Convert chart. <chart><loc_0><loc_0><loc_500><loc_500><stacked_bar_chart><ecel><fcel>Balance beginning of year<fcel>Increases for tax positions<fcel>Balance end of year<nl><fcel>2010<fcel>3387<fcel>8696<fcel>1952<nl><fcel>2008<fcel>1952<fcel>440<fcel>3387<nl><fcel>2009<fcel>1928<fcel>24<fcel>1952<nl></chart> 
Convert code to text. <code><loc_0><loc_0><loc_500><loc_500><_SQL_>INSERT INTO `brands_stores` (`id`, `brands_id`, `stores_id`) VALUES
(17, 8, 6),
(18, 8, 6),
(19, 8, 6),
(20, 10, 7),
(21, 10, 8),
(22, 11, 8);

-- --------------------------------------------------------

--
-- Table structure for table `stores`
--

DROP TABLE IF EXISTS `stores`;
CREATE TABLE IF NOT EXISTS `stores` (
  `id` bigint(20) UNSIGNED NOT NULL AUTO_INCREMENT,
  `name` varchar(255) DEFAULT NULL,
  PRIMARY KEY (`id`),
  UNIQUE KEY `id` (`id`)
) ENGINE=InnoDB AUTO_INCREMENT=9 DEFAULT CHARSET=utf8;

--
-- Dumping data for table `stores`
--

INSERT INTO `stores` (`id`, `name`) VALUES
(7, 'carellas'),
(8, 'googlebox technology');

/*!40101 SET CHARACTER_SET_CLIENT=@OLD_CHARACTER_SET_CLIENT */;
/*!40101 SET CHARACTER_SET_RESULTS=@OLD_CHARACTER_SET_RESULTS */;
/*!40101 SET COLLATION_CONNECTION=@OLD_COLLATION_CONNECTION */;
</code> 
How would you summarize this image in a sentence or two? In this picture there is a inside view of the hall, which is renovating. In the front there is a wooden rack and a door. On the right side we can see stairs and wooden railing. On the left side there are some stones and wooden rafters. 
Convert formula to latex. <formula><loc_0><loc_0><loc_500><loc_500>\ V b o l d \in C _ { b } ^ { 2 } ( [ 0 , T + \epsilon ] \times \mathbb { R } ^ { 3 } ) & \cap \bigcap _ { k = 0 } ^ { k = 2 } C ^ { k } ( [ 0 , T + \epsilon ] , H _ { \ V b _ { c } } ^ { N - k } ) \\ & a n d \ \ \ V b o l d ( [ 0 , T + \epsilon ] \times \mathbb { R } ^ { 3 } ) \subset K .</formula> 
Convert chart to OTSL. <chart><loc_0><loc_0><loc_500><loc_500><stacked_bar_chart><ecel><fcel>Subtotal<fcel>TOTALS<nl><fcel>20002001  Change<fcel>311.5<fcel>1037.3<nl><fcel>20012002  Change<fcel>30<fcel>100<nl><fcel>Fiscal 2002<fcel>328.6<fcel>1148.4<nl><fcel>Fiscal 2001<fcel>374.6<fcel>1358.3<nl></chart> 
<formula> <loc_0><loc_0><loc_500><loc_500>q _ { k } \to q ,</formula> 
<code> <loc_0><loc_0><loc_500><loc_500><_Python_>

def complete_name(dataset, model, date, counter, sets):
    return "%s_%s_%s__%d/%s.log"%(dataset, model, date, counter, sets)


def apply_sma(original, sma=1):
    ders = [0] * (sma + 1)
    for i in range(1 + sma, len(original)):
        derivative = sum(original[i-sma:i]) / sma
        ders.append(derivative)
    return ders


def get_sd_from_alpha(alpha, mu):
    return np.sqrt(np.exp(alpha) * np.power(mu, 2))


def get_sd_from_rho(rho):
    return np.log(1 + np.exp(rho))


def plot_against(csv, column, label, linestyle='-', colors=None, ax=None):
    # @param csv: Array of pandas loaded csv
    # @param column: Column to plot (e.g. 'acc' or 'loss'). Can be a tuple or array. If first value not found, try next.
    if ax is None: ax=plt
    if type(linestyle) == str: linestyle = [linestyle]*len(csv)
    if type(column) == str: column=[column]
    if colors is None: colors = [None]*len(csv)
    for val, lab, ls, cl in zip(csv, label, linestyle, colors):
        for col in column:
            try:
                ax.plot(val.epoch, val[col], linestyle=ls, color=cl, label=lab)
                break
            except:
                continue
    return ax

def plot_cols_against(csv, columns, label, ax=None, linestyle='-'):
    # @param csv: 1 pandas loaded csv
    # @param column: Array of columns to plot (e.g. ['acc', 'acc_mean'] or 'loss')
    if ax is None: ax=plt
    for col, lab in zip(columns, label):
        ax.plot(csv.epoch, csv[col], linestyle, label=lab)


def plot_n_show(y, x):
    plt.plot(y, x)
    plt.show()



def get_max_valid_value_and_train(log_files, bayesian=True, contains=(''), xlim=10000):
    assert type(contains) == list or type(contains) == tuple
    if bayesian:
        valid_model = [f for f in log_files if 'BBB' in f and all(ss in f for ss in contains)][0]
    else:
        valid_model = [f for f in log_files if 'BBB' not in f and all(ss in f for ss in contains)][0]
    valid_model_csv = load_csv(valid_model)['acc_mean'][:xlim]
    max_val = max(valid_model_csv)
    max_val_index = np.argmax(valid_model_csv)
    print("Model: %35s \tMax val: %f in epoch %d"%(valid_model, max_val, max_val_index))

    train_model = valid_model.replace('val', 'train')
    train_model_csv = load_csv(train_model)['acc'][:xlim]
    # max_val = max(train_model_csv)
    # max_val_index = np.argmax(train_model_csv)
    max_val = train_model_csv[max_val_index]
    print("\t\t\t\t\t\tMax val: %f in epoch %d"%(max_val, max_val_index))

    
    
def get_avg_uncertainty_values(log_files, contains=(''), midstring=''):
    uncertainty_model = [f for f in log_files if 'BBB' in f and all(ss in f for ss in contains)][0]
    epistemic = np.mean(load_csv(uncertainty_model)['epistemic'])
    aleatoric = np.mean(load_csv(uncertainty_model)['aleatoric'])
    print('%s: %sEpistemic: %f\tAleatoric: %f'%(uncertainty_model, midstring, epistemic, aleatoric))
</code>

#### [BRIEF]
Among the records above, find each line holding the string "ders" and pull it out.

#### [WRITTEN ANSWER]
    ders = [0] * (sma + 1)
        ders.append(derivative)
    return ders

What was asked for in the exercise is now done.